The stage was on floor level and extended, from the first row of seats, to the back wall approximately thirty feet, assuming the benches to take about fifty of the available total length of eighty feet. The width of the acting area was probably twenty feet - at least at the proscenium.10 Above the stage was a fly area, two stories high and therefore about twenty feet from floor to grid. In the fly space there was a form of grid made largely from wire and piping - staples of the fruit farmer - that held the various lighting instruments and curtains. There were 'wooden perches', a kind of catwalk arrangement that allowed technicians to install and adjust lights. To each side of the fly space was a dressing room, one for men and one for women, the latter equipped with a shower.

On the stage level, along the entire length of the back wall was the permanent plaster cyclorama, or 'sky-dome' as it was then labelled. To one side of the stage, at stage left, there was in the wing space a small costume storage area. The identical space at stage right was used for an entranceway into the long and narrow scene shop which, like the foyer on the opposite side, ran most of the length of the theatre, a distance of about sixty feet. Inside the shop there was, again in Katherine's words,

... a large paint table designed by my husband with compartments for different colours of calciums, brushes and all painting requirements. In this room were also tools for making scenery flats, covered with burlap, beaver-board for silhouettes of mountains or houses and towns, and lumber for simple platforms and steps for interiors. There were gray flannelette curtains that took the lights beautifully. And also material for making costumes was there. Everyone had to turn his or her hand to the various arts or crafts of stage sets and lighting.

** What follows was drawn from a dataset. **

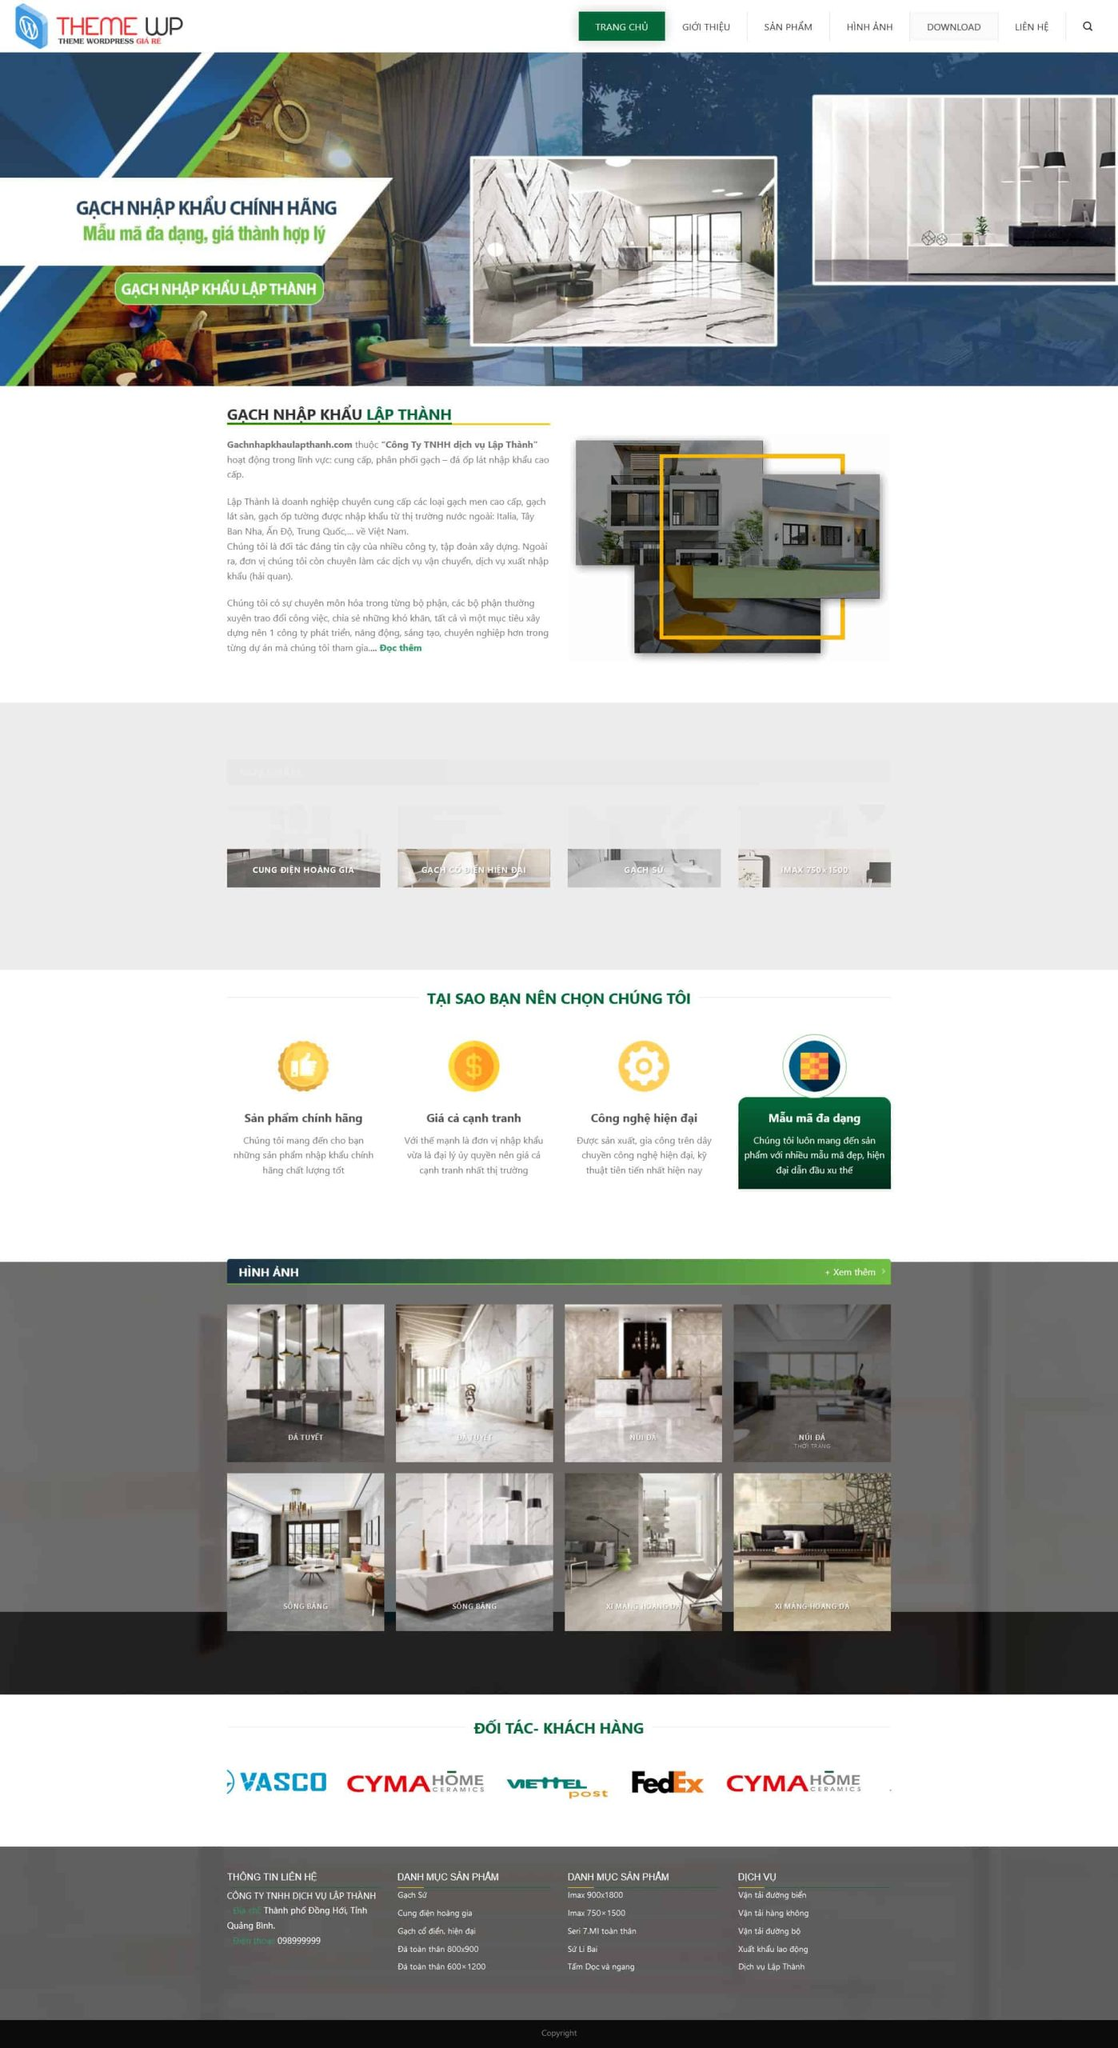Liệt kê 5 ngành nghề, lĩnh vực phù hợp với website này, phân cách các màu sắc bằng dấu phẩy. Chỉ trả về kết quả, phân cách bằng dấy phẩy
 Thiết kế nội thất, Xây dựng, Kiến trúc, Bất động sản, Vật liệu xây dựng

The shop, like the foyer, could only have been about ten feet wide.

The lighting system seems to have been designed by Lee Simonson and manufactured in New York, with additional advice from Maurice Browne. The system, capable of handling 10,000 watts of power, was described in Theatre Arts Magazine (January 1922):

Mr. Aikins received the assistance of Maurice Browne and Lee Simonson in the selection of his lighting equipment - probably the most modern and complete in Canada - and it represents the combined ideas of these two practical artists of the theatre. Mr. Aikins did the actual work of installation and arrangement of lights, after the wiring was completed. The battery of twenty dimmers controlling spots, X-ray borders, strips, floods and house lights, is in turn controlled by a master dimmer, the entire 'lighting organ' a masterpiece of modern designing. And not only because the lighting facilities are so complete, but also because they are used in the most flexible manner by means of the clamps and pipe battens, is the stage a valuable experimental ground for young artists.

Mrs Aikins reports that the dimmer box was kept on a platform just in front of the first row of seats and could be raised or lowered (so the dimmer was below floor level) by a system of jacks, which causes one to wonder where the lighting operator worked during a performance. One former student, Muriel MacDougall (née Evans), interviewed by telephone (18 March 1985), recalled that the lighting person operated the controls from a position in the stage left wing.

The first production of the Home Theatre, although not the first official one, was staged in the fall of 1920 and it was not auspicious. Using 'boys working on the farm and other locals' (Katherine Aikins) Aikins mounted Synge's The Tinker's Wedding. In the words of Mrs. Aikins, 'It was a ridiculous play to attempt as a "first". We played it just once to a farm audience and friends and there wasn't a smile to encourage us. We knew how terrible it was but learned a lot from it.'

Part of that winter the Aikins spent recruiting students for the proposed school. By means of travelling to larger centres, giving addresses to drama clubs and the like, and by articles in magazines, Aikins promoted the venture. Mrs Aikins says the 'response was astonishing', although there is no record of numbers of inquiries, interviews or auditions, and even in its heyday the school never had more than a dozen or so students. About this time an old barn was remodelled into a communal dining room. In the spring of 1921, Carroll was in Penticton to watch the University of British Columbia Players Club touring production of Pinero's Sweet Lavender; after the performance he met the cast and described to them his own plans for the Home Theatre. He interested two members of the cast, Dorothy Adams and Muriel Evans - and possibly one or two others, as yet unconfirmed - who were among his first students, joining the company some months after that first production by locals.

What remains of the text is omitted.